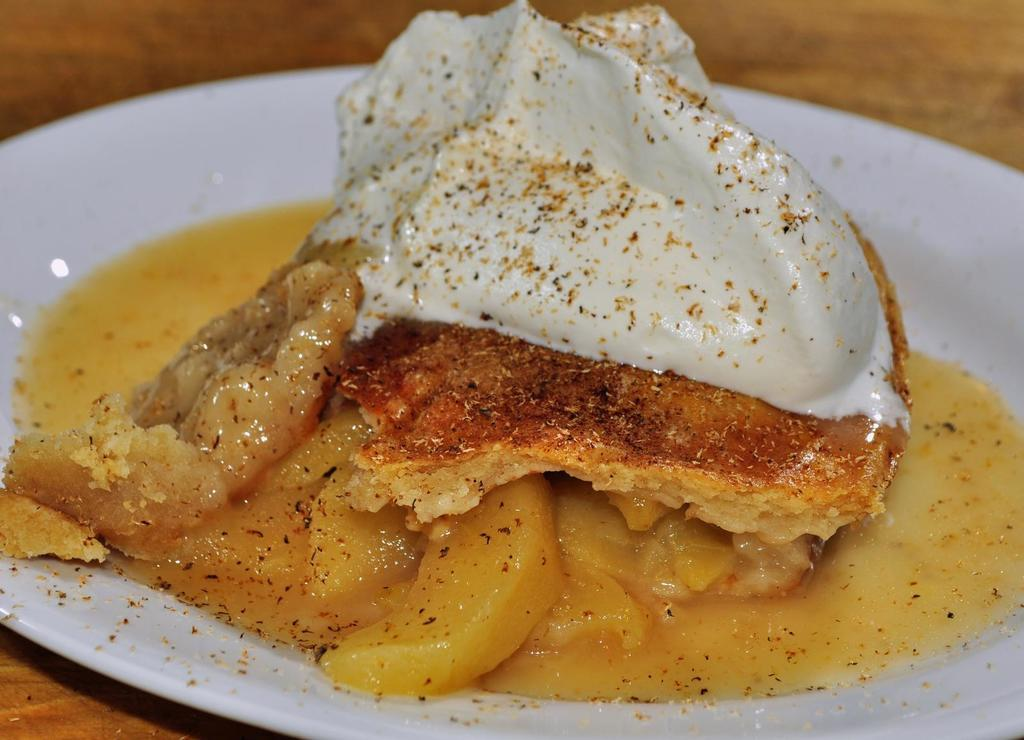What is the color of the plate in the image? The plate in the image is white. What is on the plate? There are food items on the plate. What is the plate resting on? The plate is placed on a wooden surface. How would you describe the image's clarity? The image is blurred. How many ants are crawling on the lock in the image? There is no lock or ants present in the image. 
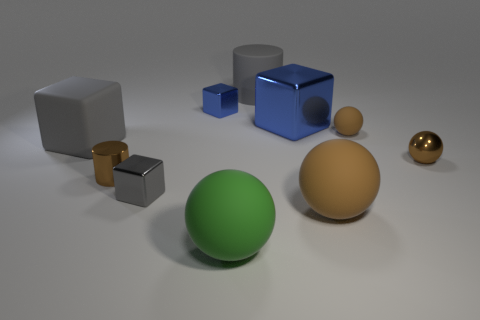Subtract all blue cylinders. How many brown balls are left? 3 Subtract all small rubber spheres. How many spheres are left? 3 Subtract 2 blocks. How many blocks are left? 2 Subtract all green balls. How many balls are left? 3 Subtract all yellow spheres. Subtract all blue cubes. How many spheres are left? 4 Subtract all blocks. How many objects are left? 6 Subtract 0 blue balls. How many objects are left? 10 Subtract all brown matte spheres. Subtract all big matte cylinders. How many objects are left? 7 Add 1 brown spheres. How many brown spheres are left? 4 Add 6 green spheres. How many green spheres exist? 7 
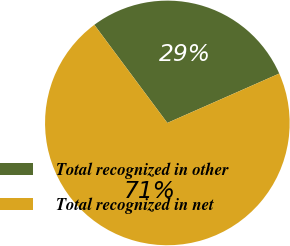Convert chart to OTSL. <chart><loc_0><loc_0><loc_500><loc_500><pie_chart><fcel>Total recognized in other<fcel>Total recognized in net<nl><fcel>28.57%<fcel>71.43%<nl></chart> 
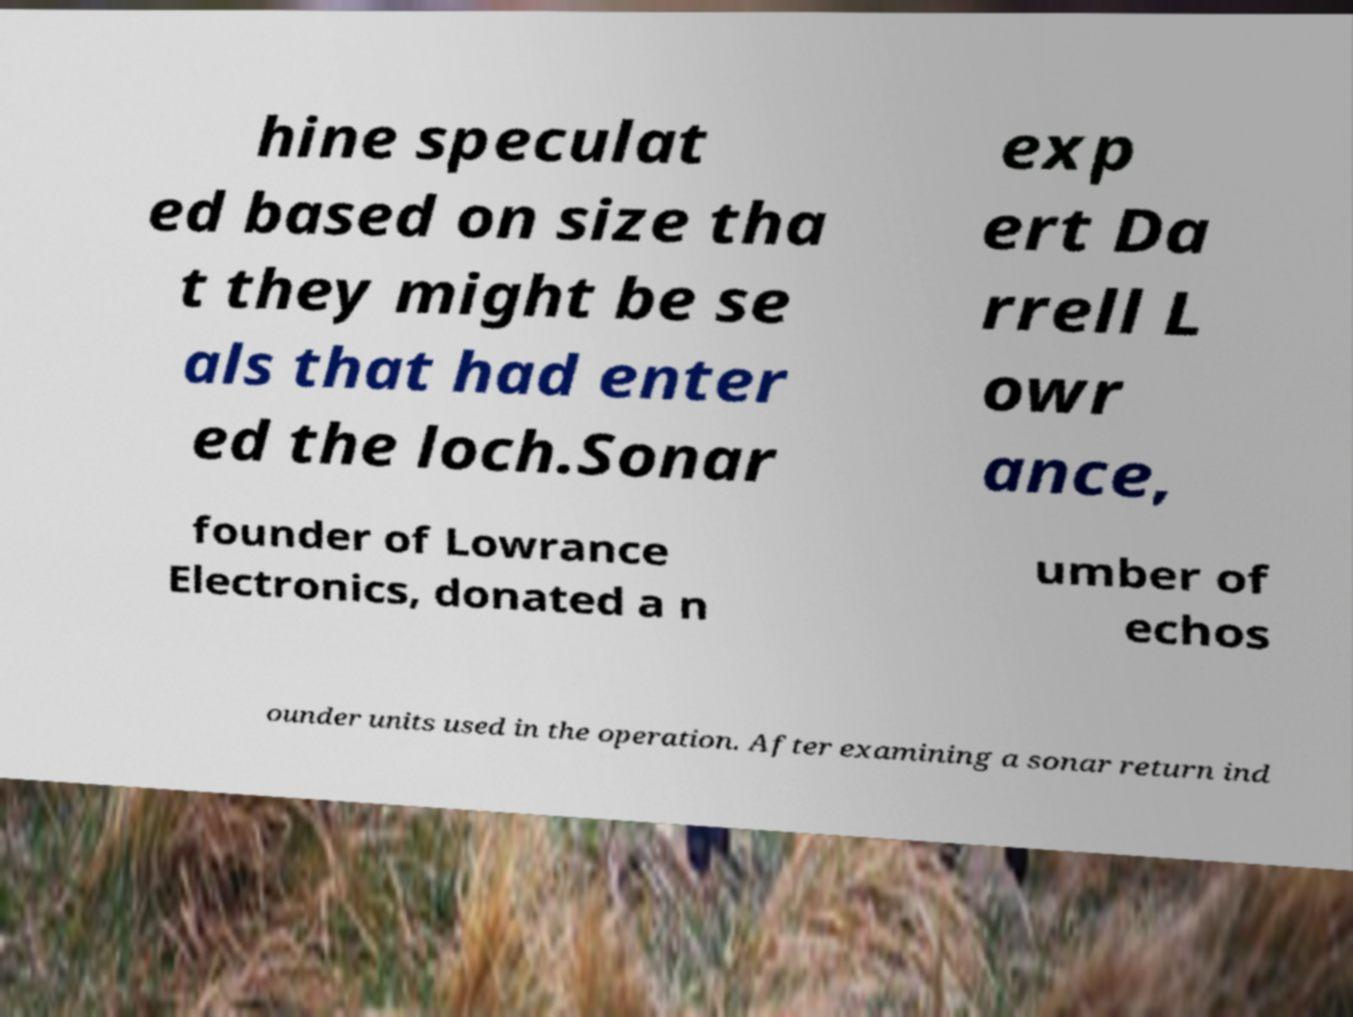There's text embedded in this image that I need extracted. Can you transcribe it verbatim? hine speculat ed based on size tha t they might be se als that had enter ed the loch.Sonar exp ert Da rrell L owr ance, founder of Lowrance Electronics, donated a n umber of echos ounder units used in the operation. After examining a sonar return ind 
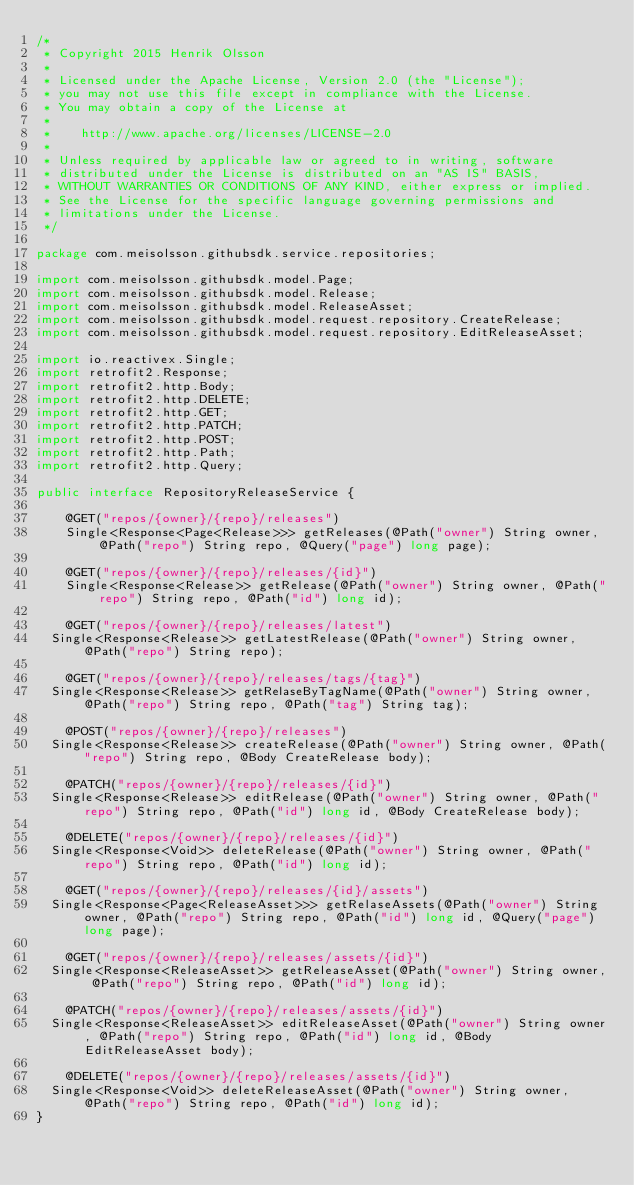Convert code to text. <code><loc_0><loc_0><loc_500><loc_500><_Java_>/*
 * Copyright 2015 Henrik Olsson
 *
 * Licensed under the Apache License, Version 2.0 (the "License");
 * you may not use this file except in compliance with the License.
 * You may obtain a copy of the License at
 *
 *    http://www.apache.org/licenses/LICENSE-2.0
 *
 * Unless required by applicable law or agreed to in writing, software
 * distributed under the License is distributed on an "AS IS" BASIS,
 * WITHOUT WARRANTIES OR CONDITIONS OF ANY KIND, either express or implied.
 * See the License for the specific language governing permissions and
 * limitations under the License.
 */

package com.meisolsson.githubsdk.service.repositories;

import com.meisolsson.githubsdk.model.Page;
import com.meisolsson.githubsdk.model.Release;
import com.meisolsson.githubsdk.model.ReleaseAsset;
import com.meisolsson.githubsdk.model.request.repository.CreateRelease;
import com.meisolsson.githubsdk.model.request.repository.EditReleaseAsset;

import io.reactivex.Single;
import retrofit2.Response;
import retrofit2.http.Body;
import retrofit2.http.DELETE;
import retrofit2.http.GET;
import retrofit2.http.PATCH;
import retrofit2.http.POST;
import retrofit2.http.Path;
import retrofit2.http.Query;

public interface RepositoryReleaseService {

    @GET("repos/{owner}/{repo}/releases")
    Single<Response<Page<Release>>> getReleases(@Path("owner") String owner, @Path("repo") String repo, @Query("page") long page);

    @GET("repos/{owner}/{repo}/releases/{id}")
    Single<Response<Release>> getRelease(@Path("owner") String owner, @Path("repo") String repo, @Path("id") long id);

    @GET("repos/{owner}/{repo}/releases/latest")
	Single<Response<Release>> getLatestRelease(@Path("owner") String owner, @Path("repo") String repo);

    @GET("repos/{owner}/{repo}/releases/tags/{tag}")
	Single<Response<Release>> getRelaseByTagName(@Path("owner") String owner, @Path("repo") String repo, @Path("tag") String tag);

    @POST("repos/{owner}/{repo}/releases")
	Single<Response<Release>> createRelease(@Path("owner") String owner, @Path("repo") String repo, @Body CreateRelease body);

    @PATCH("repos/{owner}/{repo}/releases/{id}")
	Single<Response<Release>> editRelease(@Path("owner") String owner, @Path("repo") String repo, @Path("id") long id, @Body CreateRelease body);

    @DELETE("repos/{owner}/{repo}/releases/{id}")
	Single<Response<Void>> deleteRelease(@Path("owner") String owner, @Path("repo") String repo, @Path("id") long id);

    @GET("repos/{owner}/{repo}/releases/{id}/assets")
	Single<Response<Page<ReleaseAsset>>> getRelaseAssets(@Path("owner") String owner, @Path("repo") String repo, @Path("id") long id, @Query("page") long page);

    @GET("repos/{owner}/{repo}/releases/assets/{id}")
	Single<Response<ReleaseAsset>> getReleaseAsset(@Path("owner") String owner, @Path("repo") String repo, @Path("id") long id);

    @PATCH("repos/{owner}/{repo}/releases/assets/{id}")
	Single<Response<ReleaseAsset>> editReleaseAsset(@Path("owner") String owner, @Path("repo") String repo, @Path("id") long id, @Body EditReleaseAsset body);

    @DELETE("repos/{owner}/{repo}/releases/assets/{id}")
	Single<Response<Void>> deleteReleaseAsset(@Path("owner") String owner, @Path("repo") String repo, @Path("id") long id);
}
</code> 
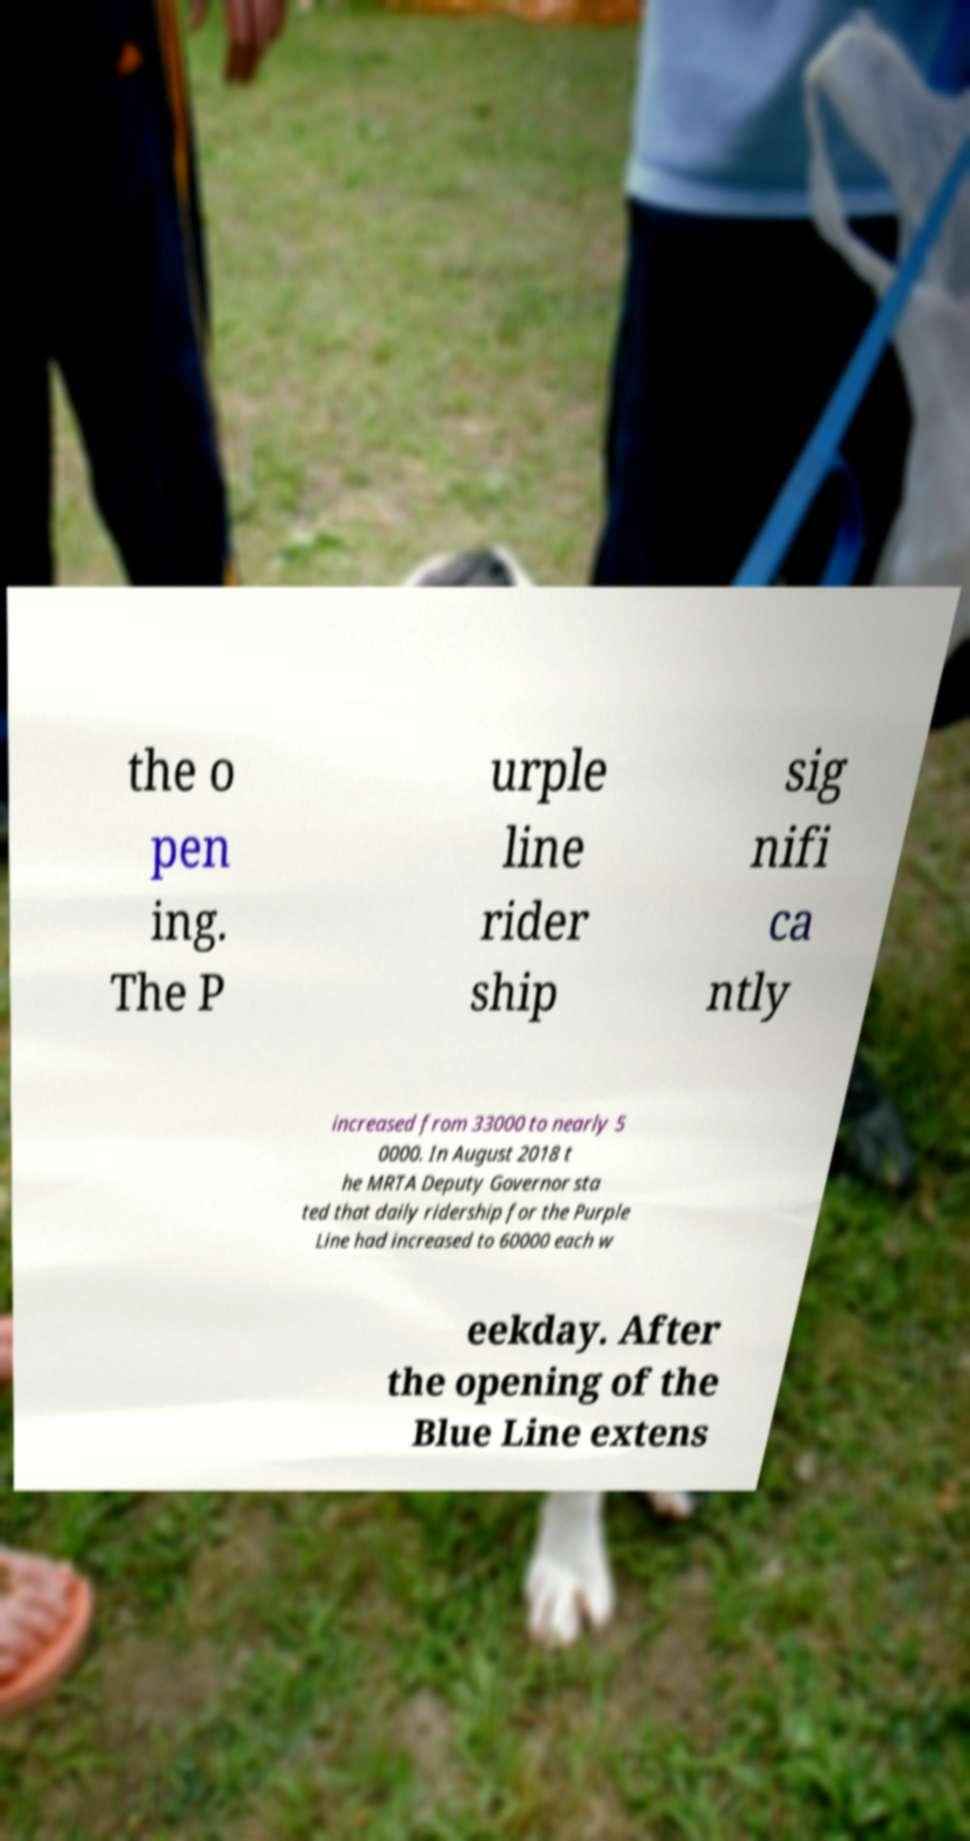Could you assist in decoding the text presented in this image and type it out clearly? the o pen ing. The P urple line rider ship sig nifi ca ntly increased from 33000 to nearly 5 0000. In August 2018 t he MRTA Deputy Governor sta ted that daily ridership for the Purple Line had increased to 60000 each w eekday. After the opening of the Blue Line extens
------------------------------------------------------------
Your task
When you reach a picture, pass over it; write out all other material exactly.

Task response
What is the color of the plate in the image? The plate in the image is white. What is on the plate? There are food items on the plate. What is the plate resting on? The plate is placed on a wooden surface. How would you describe the image's clarity? The image is blurred. How many ants are crawling on the lock in the image? There is no lock or ants present in the image. 
Subtract all blue cylinders. How many brown balls are left? 3 Subtract all small rubber spheres. How many spheres are left? 3 Subtract 2 blocks. How many blocks are left? 2 Subtract all green balls. How many balls are left? 3 Subtract all yellow spheres. Subtract all blue cubes. How many spheres are left? 4 Subtract all blocks. How many objects are left? 6 Subtract 0 blue balls. How many objects are left? 10 Subtract all brown matte spheres. Subtract all big matte cylinders. How many objects are left? 7 Add 1 brown spheres. How many brown spheres are left? 4 Add 6 green spheres. How many green spheres exist? 7 
Convert chart to OTSL. <chart><loc_0><loc_0><loc_500><loc_500><pie_chart><fcel>Total recognized in other<fcel>Total recognized in net<nl><fcel>28.57%<fcel>71.43%<nl></chart> 
There's text embedded in this image that I need extracted. Can you transcribe it verbatim? hine speculat ed based on size tha t they might be se als that had enter ed the loch.Sonar exp ert Da rrell L owr ance, founder of Lowrance Electronics, donated a n umber of echos ounder units used in the operation. After examining a sonar return ind 
Convert code to text. <code><loc_0><loc_0><loc_500><loc_500><_Java_>/*
 * Copyright 2015 Henrik Olsson
 *
 * Licensed under the Apache License, Version 2.0 (the "License");
 * you may not use this file except in compliance with the License.
 * You may obtain a copy of the License at
 *
 *    http://www.apache.org/licenses/LICENSE-2.0
 *
 * Unless required by applicable law or agreed to in writing, software
 * distributed under the License is distributed on an "AS IS" BASIS,
 * WITHOUT WARRANTIES OR CONDITIONS OF ANY KIND, either express or implied.
 * See the License for the specific language governing permissions and
 * limitations under the License.
 */

package com.meisolsson.githubsdk.service.repositories;

import com.meisolsson.githubsdk.model.Page;
import com.meisolsson.githubsdk.model.Release;
import com.meisolsson.githubsdk.model.ReleaseAsset;
import com.meisolsson.githubsdk.model.request.repository.CreateRelease;
import com.meisolsson.githubsdk.model.request.repository.EditReleaseAsset;

import io.reactivex.Single;
import retrofit2.Response;
import retrofit2.http.Body;
import retrofit2.http.DELETE;
import retrofit2.http.GET;
import retrofit2.http.PATCH;
import retrofit2.http.POST;
import retrofit2.http.Path;
import retrofit2.http.Query;

public interface RepositoryReleaseService {

    @GET("repos/{owner}/{repo}/releases")
    Single<Response<Page<Release>>> getReleases(@Path("owner") String owner, @Path("repo") String repo, @Query("page") long page);

    @GET("repos/{owner}/{repo}/releases/{id}")
    Single<Response<Release>> getRelease(@Path("owner") String owner, @Path("repo") String repo, @Path("id") long id);

    @GET("repos/{owner}/{repo}/releases/latest")
	Single<Response<Release>> getLatestRelease(@Path("owner") String owner, @Path("repo") String repo);

    @GET("repos/{owner}/{repo}/releases/tags/{tag}")
	Single<Response<Release>> getRelaseByTagName(@Path("owner") String owner, @Path("repo") String repo, @Path("tag") String tag);

    @POST("repos/{owner}/{repo}/releases")
	Single<Response<Release>> createRelease(@Path("owner") String owner, @Path("repo") String repo, @Body CreateRelease body);

    @PATCH("repos/{owner}/{repo}/releases/{id}")
	Single<Response<Release>> editRelease(@Path("owner") String owner, @Path("repo") String repo, @Path("id") long id, @Body CreateRelease body);

    @DELETE("repos/{owner}/{repo}/releases/{id}")
	Single<Response<Void>> deleteRelease(@Path("owner") String owner, @Path("repo") String repo, @Path("id") long id);

    @GET("repos/{owner}/{repo}/releases/{id}/assets")
	Single<Response<Page<ReleaseAsset>>> getRelaseAssets(@Path("owner") String owner, @Path("repo") String repo, @Path("id") long id, @Query("page") long page);

    @GET("repos/{owner}/{repo}/releases/assets/{id}")
	Single<Response<ReleaseAsset>> getReleaseAsset(@Path("owner") String owner, @Path("repo") String repo, @Path("id") long id);

    @PATCH("repos/{owner}/{repo}/releases/assets/{id}")
	Single<Response<ReleaseAsset>> editReleaseAsset(@Path("owner") String owner, @Path("repo") String repo, @Path("id") long id, @Body EditReleaseAsset body);

    @DELETE("repos/{owner}/{repo}/releases/assets/{id}")
	Single<Response<Void>> deleteReleaseAsset(@Path("owner") String owner, @Path("repo") String repo, @Path("id") long id);
}
</code> 
Could you assist in decoding the text presented in this image and type it out clearly? the o pen ing. The P urple line rider ship sig nifi ca ntly increased from 33000 to nearly 5 0000. In August 2018 t he MRTA Deputy Governor sta ted that daily ridership for the Purple Line had increased to 60000 each w eekday. After the opening of the Blue Line extens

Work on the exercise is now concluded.